When the thermometer hit -26 last night I should have texted Tony and called it off, but kidded myself thinking it will warm up during the day. Lets go local, maybe just top rope some mixed lines. Gymnastics to keep you warm. It's -24 when I wake up and Tony arrives efficiently early in the grey half-light of dawn. The sun is up when we get to the lake, but offers no warmth. As we leave the car to snowshoe across the lake to the crag, the car thermometer is saying -25. Och well, we're here now. Lets go do something.
Swing, crack, BOOM. A 25 metre high cascade of ice vibrates from deep inside to the first impact of my ice tool. Hmmmm, bad vibes - literally. The ice is dull and dense in the deep cold, lifeless in comparison the moist sparkle of new ice just a little below freezing point. The monopoints of my crampons puncture the ice but the secondary points fail to gain much purchase on it's hard shell. One foot pops when I'm just a metre or so up. They refuse to provide the secure feeling you normally find on ice that is less than vertical.
Once my feet get up to level with the first scars left by my tools I use them like foot holds, the cracked away ice giving more grip to the crampons. Looking down at the boulders below I place the first screw. Fortunately I sharpened them somewhat obsessively last weekend and they bite in dense ice, but winding in them take a lot of pressure, the cold steel finding much friction against the cold ice. The little winder handle on the scew hanger is useless, and I have to push my weight against the whole hanger itself. My finger have gone completely numb by this point. It's a dumb place to try and stop but it would be dumber still to climb on. I brace my shoulder against the rock on the left and let go of my tools. I pull my fingers out of the finger sections of the gloves and ball my fist inside the palm section of the gloves. I squeeze warm blood painfully into my finger tips, push my fingers back fully into the gloves and climb on. Another few metres, more squealing, cracking, brittle ice - its fractures fracture my cool. Another screw battled in for the nerves, another finger-warming session balanced on front points that I don't really trust. And on again.

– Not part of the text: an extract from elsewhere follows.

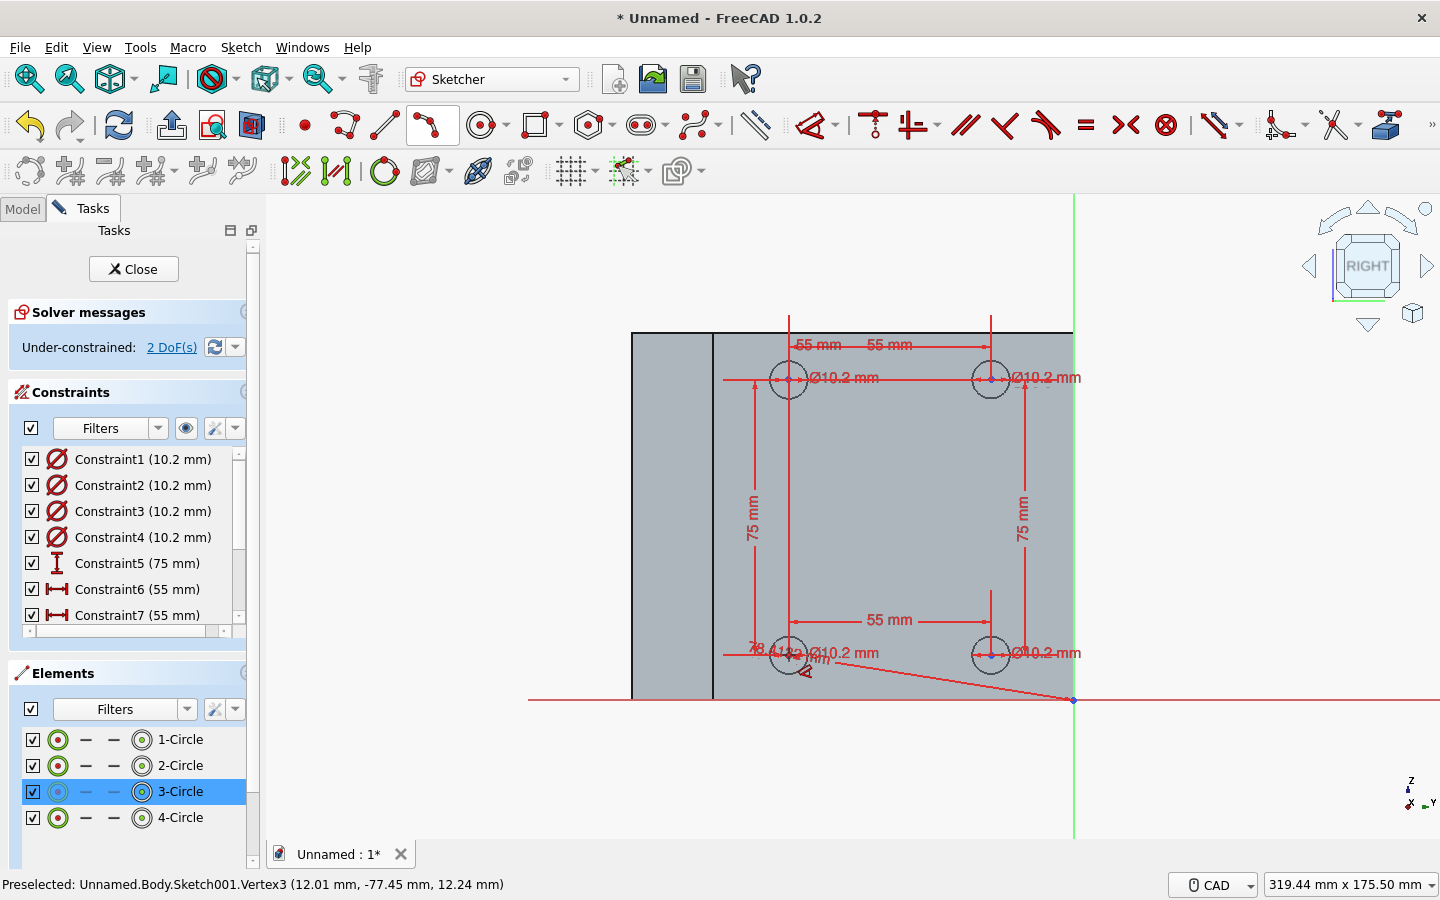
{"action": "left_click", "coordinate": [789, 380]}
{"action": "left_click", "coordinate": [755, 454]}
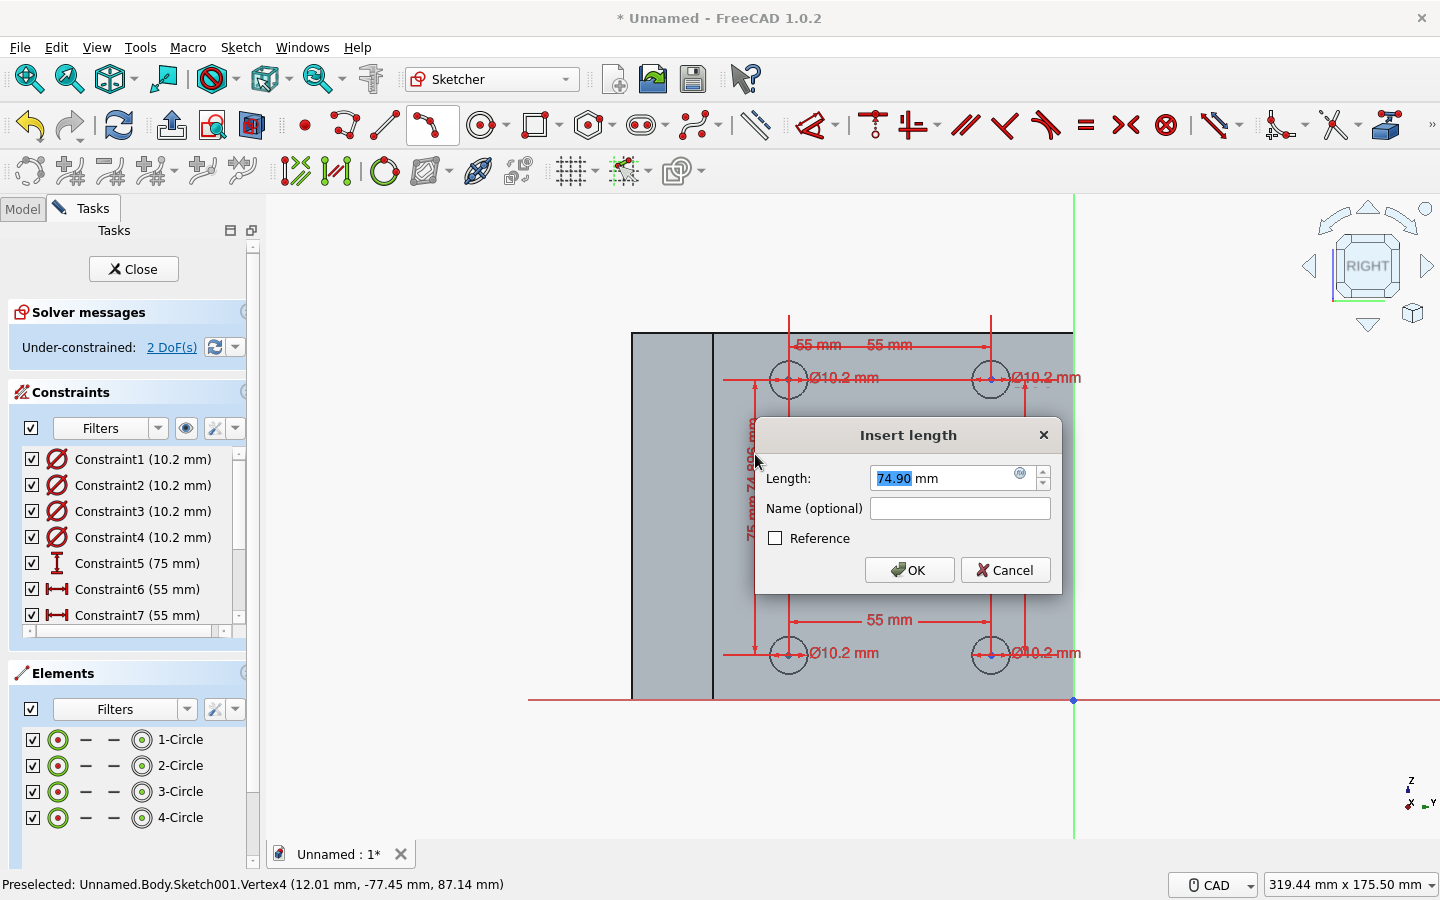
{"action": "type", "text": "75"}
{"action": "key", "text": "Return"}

No soaking up the view, no leaning back out good placements, calmly shaking out one arm at time whilst enjoying the exposure. Just constant 3D risk management - is this tool good? How far did fracture line go? Read the ice. Will that dinnerplate if I use it for my feet? Hit the concave, avoid the convex. Feet up onto the slab. Balance. Stamp those points in. Rest. Fingers bad again, toes not feeling good either. One more screw and then on to the top. Tie myself to a tree. No contentment. Just survival. It's a nice little fall, but should be the sort of thing I'd happily solo. But not today, not at -25.
And then the hotaches. My fingers are in vice. Now they're in boiling water. Now someone is using a staple gun on them. I yell obscenities, I fight the urge to piss myself. The enzymes flood the capillaries in my fingers, my fingers are pulsing - the pain lessens and you tell yourself this is good thing. No frostbite today, but 12 hrs later my fingers still feel it.
Don't blow the ice out of screws at -25. That white stuff at the top of the hanger had until seconds previously been the outer layer of skin on my lips
Tony comes up and we discuss setting up a top rope to try one of the harder lines, but he has just seconded in his duvet and still isn't completely warmed up after getting chilled belaying me. We rap off and split for the car and café.We reckon it's three or four winters since we last went out when it was below -20, climbed, and then promised we'd never do anything so silly again. Perhaps that's about how long it takes to forget.
Nice report. Had quite the same experience in Valkeala.
ReplyDeleteBit of a frost bite in -28 C and some other damage. I did like the climbing anyway.
How did the ice stick inside ice screw? This cold it usually falls away by itself.
Happy healing.
-Juha
Frostbite - for real!? Take care and it hope it gets better quickly. I got frostnip in one toe once, and for the next couple of winters that toe has seemed more susceptible to getting cold even though there was no lasting damage. So take real care of that digit even once it is looking normal again! I realised that I was climbing in my little Trango boots yesterday, when I have a perfectly good pair of big bulky and WARM Scarpa plastic boots sitting in my cupboard. If it's still this cold next weekend, I'm going "ol' skool" and rockin' the plastic like it was 1995... ;-)
ReplyDeleteAa yes. It's a frostnip and not even serious one. Sorry. Just the tip of index finger is a bit numb.
ReplyDeleteAfter last years ice climbing trip to Lyngen it took couple of months for the same digit to heal completely.
-Juha
Nice story, where is this nice place?